Économie

Cybersécurité : Les entreprises algériennes mal-préparées face aux menaces

La transformation digitale accélérée des entreprises algériennes révèle une vulnérabilité critique que les experts n’hésitent plus à qualifier d’enjeu de souveraineté économique. Réunis samedi à Alger lors d’un atelier organisé par l’Union algérienne des sociétés d’assurance et de réassurance et l’Association des anciens de l’Institut de l’économie douanière et financière, professionnels et spécialistes ont tiré la sonnette d’alarme sur l’insuffisance des dispositifs de protection face à la sophistication croissante des cybermenaces. Le constat est sans appel : les entreprises algériennes, particulièrement dans le secteur financier, naviguent dans un environnement numérique hostile sans équipement de protection adéquat. « Le renforcement de la résilience des systèmes d’information constitue un enjeu stratégique pour tous les secteurs, en particulier celui des finances, marqué par l’interconnexion des systèmes, le développement des moyens de paiement et la gestion d’une grande masse de données », a souligné Youcef Benmicia, président de l’UAR. Cette réalité expose les institutions à des risques multiples : « attaques par logiciels malveillants, sabotage des systèmes ou encore vol de données, pouvant entraîner des interruptions d’activité ou des pertes financières ».

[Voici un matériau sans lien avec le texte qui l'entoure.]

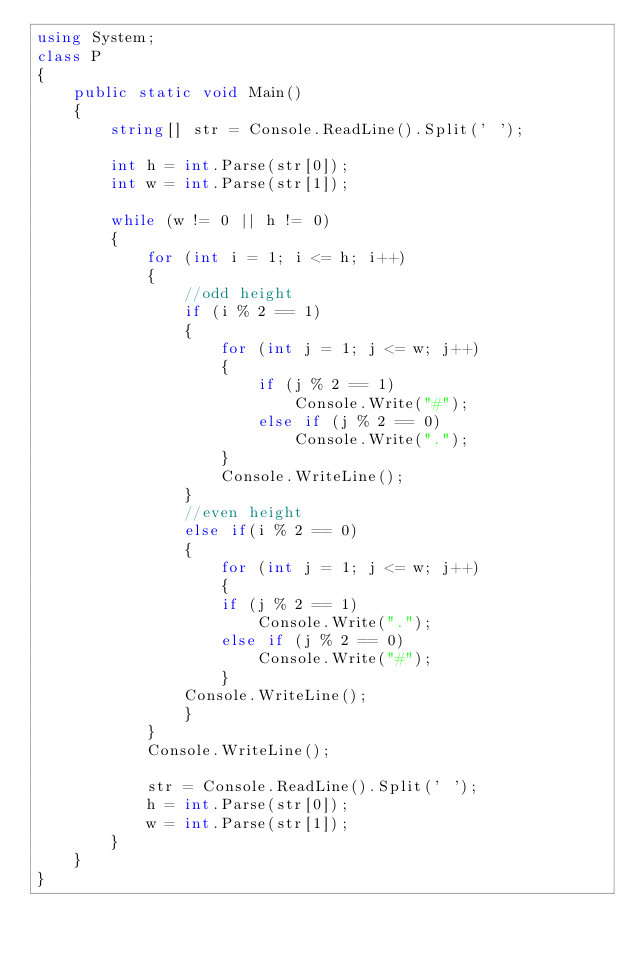Convert code to text. <code><loc_0><loc_0><loc_500><loc_500><_C#_>using System;
class P
{
    public static void Main()
    {
        string[] str = Console.ReadLine().Split(' ');

        int h = int.Parse(str[0]);
        int w = int.Parse(str[1]);

        while (w != 0 || h != 0)
        {
            for (int i = 1; i <= h; i++)
            {
                //odd height
                if (i % 2 == 1)
                {
                    for (int j = 1; j <= w; j++)
                    {
                        if (j % 2 == 1)
                            Console.Write("#");
                        else if (j % 2 == 0)
                            Console.Write(".");
                    }
                    Console.WriteLine();
                }
                //even height
                else if(i % 2 == 0)
                {
                    for (int j = 1; j <= w; j++)
                    {
                    if (j % 2 == 1)
                        Console.Write(".");
                    else if (j % 2 == 0)
                        Console.Write("#");
                    }
                Console.WriteLine();
                }                        
            }
            Console.WriteLine();

            str = Console.ReadLine().Split(' ');
            h = int.Parse(str[0]);
            w = int.Parse(str[1]);
        }
    }
}
</code> 
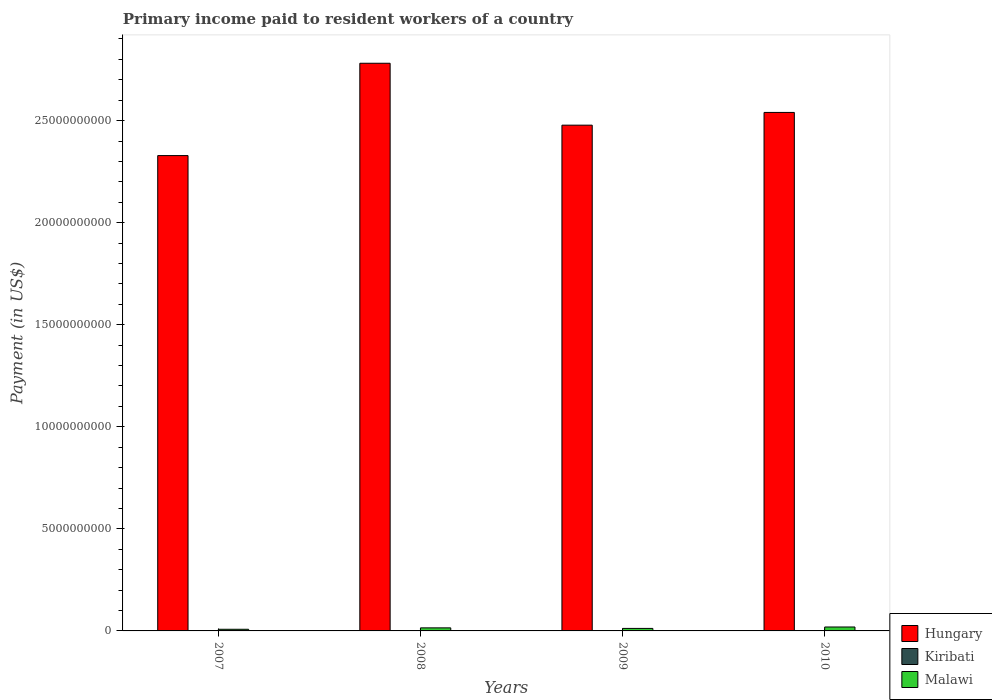How many groups of bars are there?
Provide a short and direct response. 4. Are the number of bars per tick equal to the number of legend labels?
Offer a very short reply. No. In how many cases, is the number of bars for a given year not equal to the number of legend labels?
Provide a short and direct response. 1. What is the amount paid to workers in Hungary in 2007?
Ensure brevity in your answer.  2.33e+1. Across all years, what is the maximum amount paid to workers in Hungary?
Provide a succinct answer. 2.78e+1. Across all years, what is the minimum amount paid to workers in Malawi?
Offer a very short reply. 8.07e+07. What is the total amount paid to workers in Hungary in the graph?
Your answer should be compact. 1.01e+11. What is the difference between the amount paid to workers in Hungary in 2009 and that in 2010?
Your response must be concise. -6.24e+08. What is the difference between the amount paid to workers in Malawi in 2008 and the amount paid to workers in Hungary in 2009?
Make the answer very short. -2.46e+1. What is the average amount paid to workers in Malawi per year?
Keep it short and to the point. 1.36e+08. In the year 2007, what is the difference between the amount paid to workers in Malawi and amount paid to workers in Kiribati?
Offer a terse response. 7.75e+07. What is the ratio of the amount paid to workers in Malawi in 2007 to that in 2008?
Provide a short and direct response. 0.54. Is the amount paid to workers in Malawi in 2007 less than that in 2010?
Your answer should be compact. Yes. Is the difference between the amount paid to workers in Malawi in 2007 and 2009 greater than the difference between the amount paid to workers in Kiribati in 2007 and 2009?
Provide a succinct answer. No. What is the difference between the highest and the second highest amount paid to workers in Kiribati?
Offer a terse response. 4.46e+05. What is the difference between the highest and the lowest amount paid to workers in Malawi?
Your answer should be compact. 1.12e+08. Is the sum of the amount paid to workers in Malawi in 2008 and 2010 greater than the maximum amount paid to workers in Kiribati across all years?
Provide a short and direct response. Yes. Are all the bars in the graph horizontal?
Provide a succinct answer. No. How many years are there in the graph?
Keep it short and to the point. 4. What is the difference between two consecutive major ticks on the Y-axis?
Your answer should be very brief. 5.00e+09. Does the graph contain any zero values?
Provide a short and direct response. Yes. Does the graph contain grids?
Offer a very short reply. No. What is the title of the graph?
Offer a very short reply. Primary income paid to resident workers of a country. Does "New Zealand" appear as one of the legend labels in the graph?
Your answer should be very brief. No. What is the label or title of the X-axis?
Offer a very short reply. Years. What is the label or title of the Y-axis?
Offer a terse response. Payment (in US$). What is the Payment (in US$) of Hungary in 2007?
Keep it short and to the point. 2.33e+1. What is the Payment (in US$) in Kiribati in 2007?
Ensure brevity in your answer.  3.27e+06. What is the Payment (in US$) of Malawi in 2007?
Offer a very short reply. 8.07e+07. What is the Payment (in US$) in Hungary in 2008?
Provide a short and direct response. 2.78e+1. What is the Payment (in US$) in Kiribati in 2008?
Your answer should be compact. 4.54e+06. What is the Payment (in US$) in Malawi in 2008?
Your answer should be very brief. 1.50e+08. What is the Payment (in US$) of Hungary in 2009?
Make the answer very short. 2.48e+1. What is the Payment (in US$) of Kiribati in 2009?
Your answer should be very brief. 4.10e+06. What is the Payment (in US$) in Malawi in 2009?
Make the answer very short. 1.23e+08. What is the Payment (in US$) of Hungary in 2010?
Offer a terse response. 2.54e+1. What is the Payment (in US$) of Malawi in 2010?
Your answer should be compact. 1.92e+08. Across all years, what is the maximum Payment (in US$) of Hungary?
Make the answer very short. 2.78e+1. Across all years, what is the maximum Payment (in US$) of Kiribati?
Keep it short and to the point. 4.54e+06. Across all years, what is the maximum Payment (in US$) in Malawi?
Your answer should be very brief. 1.92e+08. Across all years, what is the minimum Payment (in US$) in Hungary?
Your answer should be very brief. 2.33e+1. Across all years, what is the minimum Payment (in US$) in Kiribati?
Your answer should be very brief. 0. Across all years, what is the minimum Payment (in US$) in Malawi?
Provide a succinct answer. 8.07e+07. What is the total Payment (in US$) in Hungary in the graph?
Offer a terse response. 1.01e+11. What is the total Payment (in US$) in Kiribati in the graph?
Keep it short and to the point. 1.19e+07. What is the total Payment (in US$) of Malawi in the graph?
Offer a very short reply. 5.45e+08. What is the difference between the Payment (in US$) of Hungary in 2007 and that in 2008?
Your answer should be compact. -4.52e+09. What is the difference between the Payment (in US$) in Kiribati in 2007 and that in 2008?
Provide a short and direct response. -1.27e+06. What is the difference between the Payment (in US$) in Malawi in 2007 and that in 2008?
Make the answer very short. -6.90e+07. What is the difference between the Payment (in US$) of Hungary in 2007 and that in 2009?
Ensure brevity in your answer.  -1.49e+09. What is the difference between the Payment (in US$) in Kiribati in 2007 and that in 2009?
Your answer should be very brief. -8.27e+05. What is the difference between the Payment (in US$) of Malawi in 2007 and that in 2009?
Keep it short and to the point. -4.18e+07. What is the difference between the Payment (in US$) in Hungary in 2007 and that in 2010?
Your response must be concise. -2.11e+09. What is the difference between the Payment (in US$) in Malawi in 2007 and that in 2010?
Your answer should be compact. -1.12e+08. What is the difference between the Payment (in US$) of Hungary in 2008 and that in 2009?
Provide a succinct answer. 3.03e+09. What is the difference between the Payment (in US$) in Kiribati in 2008 and that in 2009?
Make the answer very short. 4.46e+05. What is the difference between the Payment (in US$) in Malawi in 2008 and that in 2009?
Your answer should be very brief. 2.73e+07. What is the difference between the Payment (in US$) in Hungary in 2008 and that in 2010?
Provide a succinct answer. 2.41e+09. What is the difference between the Payment (in US$) of Malawi in 2008 and that in 2010?
Make the answer very short. -4.25e+07. What is the difference between the Payment (in US$) of Hungary in 2009 and that in 2010?
Provide a succinct answer. -6.24e+08. What is the difference between the Payment (in US$) of Malawi in 2009 and that in 2010?
Keep it short and to the point. -6.97e+07. What is the difference between the Payment (in US$) of Hungary in 2007 and the Payment (in US$) of Kiribati in 2008?
Make the answer very short. 2.33e+1. What is the difference between the Payment (in US$) of Hungary in 2007 and the Payment (in US$) of Malawi in 2008?
Your answer should be very brief. 2.31e+1. What is the difference between the Payment (in US$) of Kiribati in 2007 and the Payment (in US$) of Malawi in 2008?
Provide a short and direct response. -1.47e+08. What is the difference between the Payment (in US$) in Hungary in 2007 and the Payment (in US$) in Kiribati in 2009?
Give a very brief answer. 2.33e+1. What is the difference between the Payment (in US$) in Hungary in 2007 and the Payment (in US$) in Malawi in 2009?
Your answer should be very brief. 2.32e+1. What is the difference between the Payment (in US$) in Kiribati in 2007 and the Payment (in US$) in Malawi in 2009?
Give a very brief answer. -1.19e+08. What is the difference between the Payment (in US$) of Hungary in 2007 and the Payment (in US$) of Malawi in 2010?
Your answer should be compact. 2.31e+1. What is the difference between the Payment (in US$) of Kiribati in 2007 and the Payment (in US$) of Malawi in 2010?
Provide a short and direct response. -1.89e+08. What is the difference between the Payment (in US$) of Hungary in 2008 and the Payment (in US$) of Kiribati in 2009?
Provide a short and direct response. 2.78e+1. What is the difference between the Payment (in US$) of Hungary in 2008 and the Payment (in US$) of Malawi in 2009?
Provide a short and direct response. 2.77e+1. What is the difference between the Payment (in US$) of Kiribati in 2008 and the Payment (in US$) of Malawi in 2009?
Your answer should be compact. -1.18e+08. What is the difference between the Payment (in US$) of Hungary in 2008 and the Payment (in US$) of Malawi in 2010?
Make the answer very short. 2.76e+1. What is the difference between the Payment (in US$) in Kiribati in 2008 and the Payment (in US$) in Malawi in 2010?
Provide a short and direct response. -1.88e+08. What is the difference between the Payment (in US$) in Hungary in 2009 and the Payment (in US$) in Malawi in 2010?
Your response must be concise. 2.46e+1. What is the difference between the Payment (in US$) in Kiribati in 2009 and the Payment (in US$) in Malawi in 2010?
Your response must be concise. -1.88e+08. What is the average Payment (in US$) of Hungary per year?
Your answer should be compact. 2.53e+1. What is the average Payment (in US$) of Kiribati per year?
Offer a terse response. 2.98e+06. What is the average Payment (in US$) of Malawi per year?
Make the answer very short. 1.36e+08. In the year 2007, what is the difference between the Payment (in US$) in Hungary and Payment (in US$) in Kiribati?
Provide a succinct answer. 2.33e+1. In the year 2007, what is the difference between the Payment (in US$) of Hungary and Payment (in US$) of Malawi?
Ensure brevity in your answer.  2.32e+1. In the year 2007, what is the difference between the Payment (in US$) of Kiribati and Payment (in US$) of Malawi?
Offer a terse response. -7.75e+07. In the year 2008, what is the difference between the Payment (in US$) of Hungary and Payment (in US$) of Kiribati?
Keep it short and to the point. 2.78e+1. In the year 2008, what is the difference between the Payment (in US$) of Hungary and Payment (in US$) of Malawi?
Provide a succinct answer. 2.77e+1. In the year 2008, what is the difference between the Payment (in US$) of Kiribati and Payment (in US$) of Malawi?
Make the answer very short. -1.45e+08. In the year 2009, what is the difference between the Payment (in US$) in Hungary and Payment (in US$) in Kiribati?
Make the answer very short. 2.48e+1. In the year 2009, what is the difference between the Payment (in US$) of Hungary and Payment (in US$) of Malawi?
Provide a succinct answer. 2.47e+1. In the year 2009, what is the difference between the Payment (in US$) of Kiribati and Payment (in US$) of Malawi?
Provide a succinct answer. -1.18e+08. In the year 2010, what is the difference between the Payment (in US$) in Hungary and Payment (in US$) in Malawi?
Offer a very short reply. 2.52e+1. What is the ratio of the Payment (in US$) in Hungary in 2007 to that in 2008?
Provide a short and direct response. 0.84. What is the ratio of the Payment (in US$) of Kiribati in 2007 to that in 2008?
Offer a very short reply. 0.72. What is the ratio of the Payment (in US$) in Malawi in 2007 to that in 2008?
Offer a terse response. 0.54. What is the ratio of the Payment (in US$) of Hungary in 2007 to that in 2009?
Provide a succinct answer. 0.94. What is the ratio of the Payment (in US$) of Kiribati in 2007 to that in 2009?
Provide a succinct answer. 0.8. What is the ratio of the Payment (in US$) of Malawi in 2007 to that in 2009?
Give a very brief answer. 0.66. What is the ratio of the Payment (in US$) in Hungary in 2007 to that in 2010?
Provide a succinct answer. 0.92. What is the ratio of the Payment (in US$) of Malawi in 2007 to that in 2010?
Give a very brief answer. 0.42. What is the ratio of the Payment (in US$) of Hungary in 2008 to that in 2009?
Give a very brief answer. 1.12. What is the ratio of the Payment (in US$) in Kiribati in 2008 to that in 2009?
Keep it short and to the point. 1.11. What is the ratio of the Payment (in US$) in Malawi in 2008 to that in 2009?
Make the answer very short. 1.22. What is the ratio of the Payment (in US$) of Hungary in 2008 to that in 2010?
Your answer should be compact. 1.09. What is the ratio of the Payment (in US$) of Malawi in 2008 to that in 2010?
Offer a terse response. 0.78. What is the ratio of the Payment (in US$) in Hungary in 2009 to that in 2010?
Your response must be concise. 0.98. What is the ratio of the Payment (in US$) in Malawi in 2009 to that in 2010?
Ensure brevity in your answer.  0.64. What is the difference between the highest and the second highest Payment (in US$) of Hungary?
Your answer should be compact. 2.41e+09. What is the difference between the highest and the second highest Payment (in US$) in Kiribati?
Offer a terse response. 4.46e+05. What is the difference between the highest and the second highest Payment (in US$) in Malawi?
Your answer should be very brief. 4.25e+07. What is the difference between the highest and the lowest Payment (in US$) in Hungary?
Give a very brief answer. 4.52e+09. What is the difference between the highest and the lowest Payment (in US$) of Kiribati?
Offer a very short reply. 4.54e+06. What is the difference between the highest and the lowest Payment (in US$) of Malawi?
Offer a very short reply. 1.12e+08.

La solution préconisée par les experts repose sur la création de Centres des opérations de sécurité (SOC) au sein de chaque entreprise. Mourad Sidane, PDG de la Société industrielle algérienne de télécommunications, insiste sur cette nécessité : il faut « anticiper les risques tels que le piratage, le vol de données ou les demandes de rançon, à travers la mise en place de SOC dans chaque entreprise, particulièrement dans le secteur financier ». Ces centres, « animés par des analystes et des ingénieurs en sécurité, disposent d’outils de surveillance leur permettant de détecter, analyser et prévenir les attaques informatiques ».

L’approche défendue va bien au-delà de la simple protection individuelle des entreprises. Les intervenants prônent une coordination nationale de ces structures pour former un véritable « bouclier digital contribuant à la protection de l’économie nationale ». Cette vision systémique reflète une prise de conscience : dans l’économie numérique, la cybersécurité n’est plus un coût mais un investissement stratégique indispensable à la compétitivité et à la survie des entreprises.

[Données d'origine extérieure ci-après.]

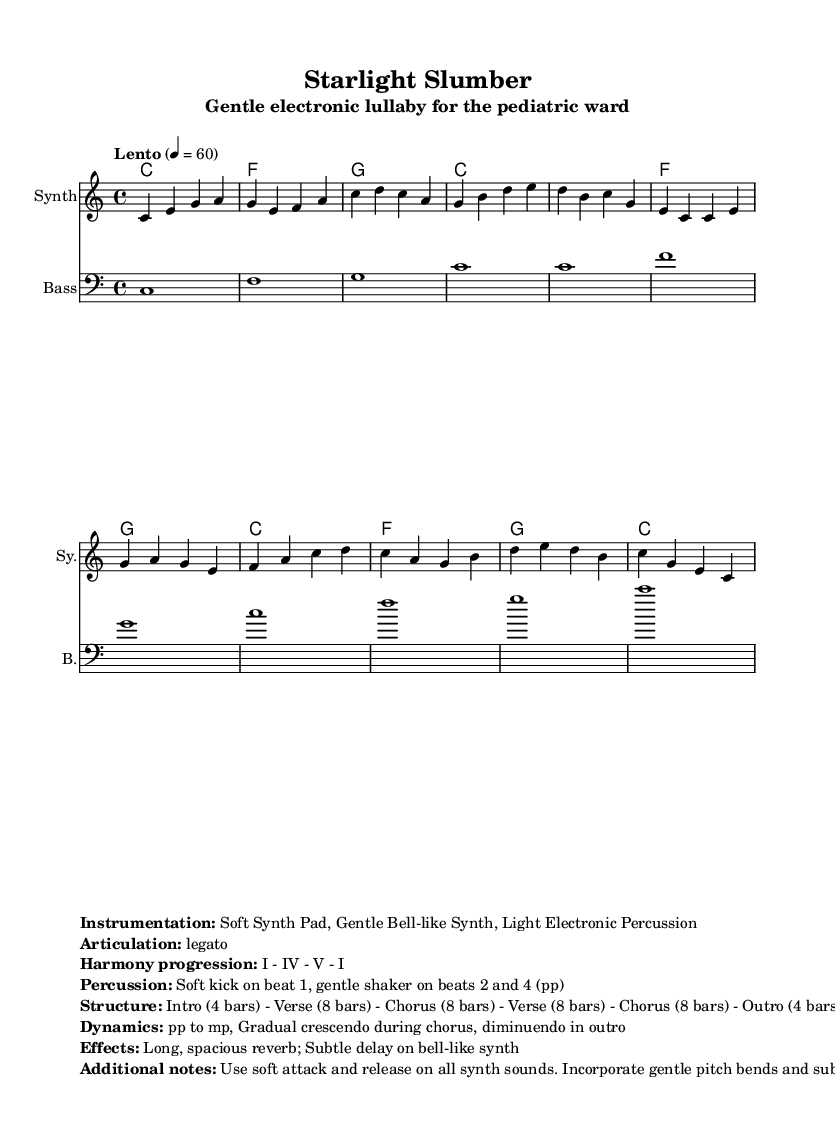What is the key signature of this music? The key signature is C major, which has no sharps or flats.
Answer: C major What is the time signature of this music? The time signature is located at the beginning of the score, indicating that each measure contains four beats, as represented by the 4/4 notation.
Answer: 4/4 What is the tempo marking for this piece? The tempo marking "Lento" is followed by a metronomic indication of 60 beats per minute, which points to a slow pace for the music.
Answer: Lento (60) What is the structure of the piece? The structure can be pieced together by examining the markup section, which clearly outlines an Intro, two Verses, two Choruses, and an Outro. This gives a total of 34 measures, with specifics on each segment presented.
Answer: Intro - Verse - Chorus - Verse - Chorus - Outro How many bars are in the Verse section? By analyzing the score and the descriptive structure notes, each Verse is specified to consist of 8 bars, and there are two such sections in the piece.
Answer: 8 bars What type of synth sounds are used in this composition? The instrumentation section in the markup identifies three main types of synth sounds: a Soft Synth Pad, a Gentle Bell-like Synth, and Light Electronic Percussion.
Answer: Soft Synth Pad, Gentle Bell-like Synth, Light Electronic Percussion What is the dynamics indication for the outro? The dynamics for the outro are described as diminuendo, indicating a gradual decrease in volume, as noted in the dynamics section.
Answer: Diminuendo

Le défi humain représente un autre volet crucial de cette transformation. Bouchera Bibi Triki, consultante en TIC, met l’accent sur « la nécessité de prévenir les cyber-risques internes par la sensibilisation et la formation du personnel ». Car si les attaques externes mobilisent l’attention, les failles humaines représentent souvent le maillon faible de la chaîne sécuritaire. L’adoption de « politiques de sécurité alignées sur les objectifs stratégiques des entreprises » devient donc impérative.

Cette mobilisation intervient dans un contexte où l’Algérie dispose déjà d’un cadre juridique en matière de cybersécurité, salué par les participants. Cependant, la réglementation ne suffit pas. Comme le rappelle Sidane, « la sécurité informatique relève de la responsabilité de chaque entreprise, tout en devant être confiée à des spécialistes ». Cette responsabilisation des acteurs économiques marque un tournant dans l’approche algérienne de la cybersécurité.

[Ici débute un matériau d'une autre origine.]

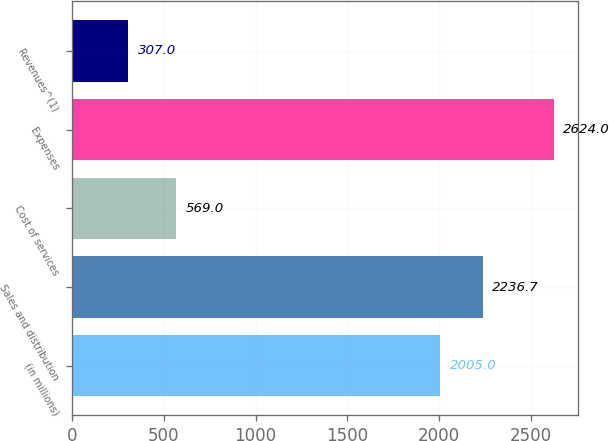Convert chart to OTSL. <chart><loc_0><loc_0><loc_500><loc_500><bar_chart><fcel>(in millions)<fcel>Sales and distribution<fcel>Cost of services<fcel>Expenses<fcel>Revenues^(1)<nl><fcel>2005<fcel>2236.7<fcel>569<fcel>2624<fcel>307<nl></chart> 
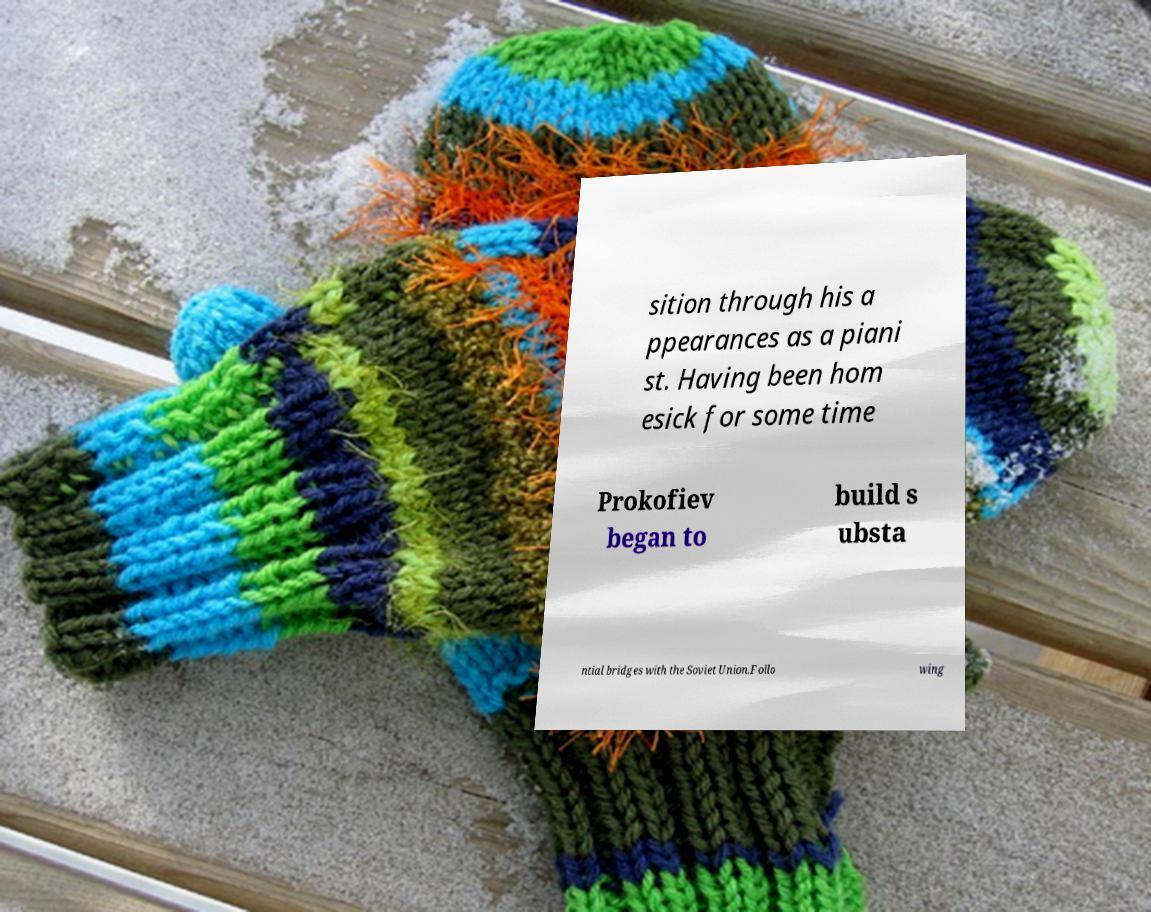Could you extract and type out the text from this image? sition through his a ppearances as a piani st. Having been hom esick for some time Prokofiev began to build s ubsta ntial bridges with the Soviet Union.Follo wing

L’enjeu dépasse la simple protection des données. Dans un contexte de « transition vers le numérique » où les entreprises algériennes cherchent à rattraper leur retard technologique, la cybersécurité conditionne leur capacité à saisir les opportunités du marché digital tout en préservant leur intégrité opérationnelle. Les experts appellent donc à « l’adoption d’une approche stratégique » intégrant « des mesures de prévention et de protection, des plans de continuité d’activité et des solutions d’assurance adaptées ». Cette approche globale de gestion des cyber-risques devient le prérequis d’une économie numérique sécurisée et competitive.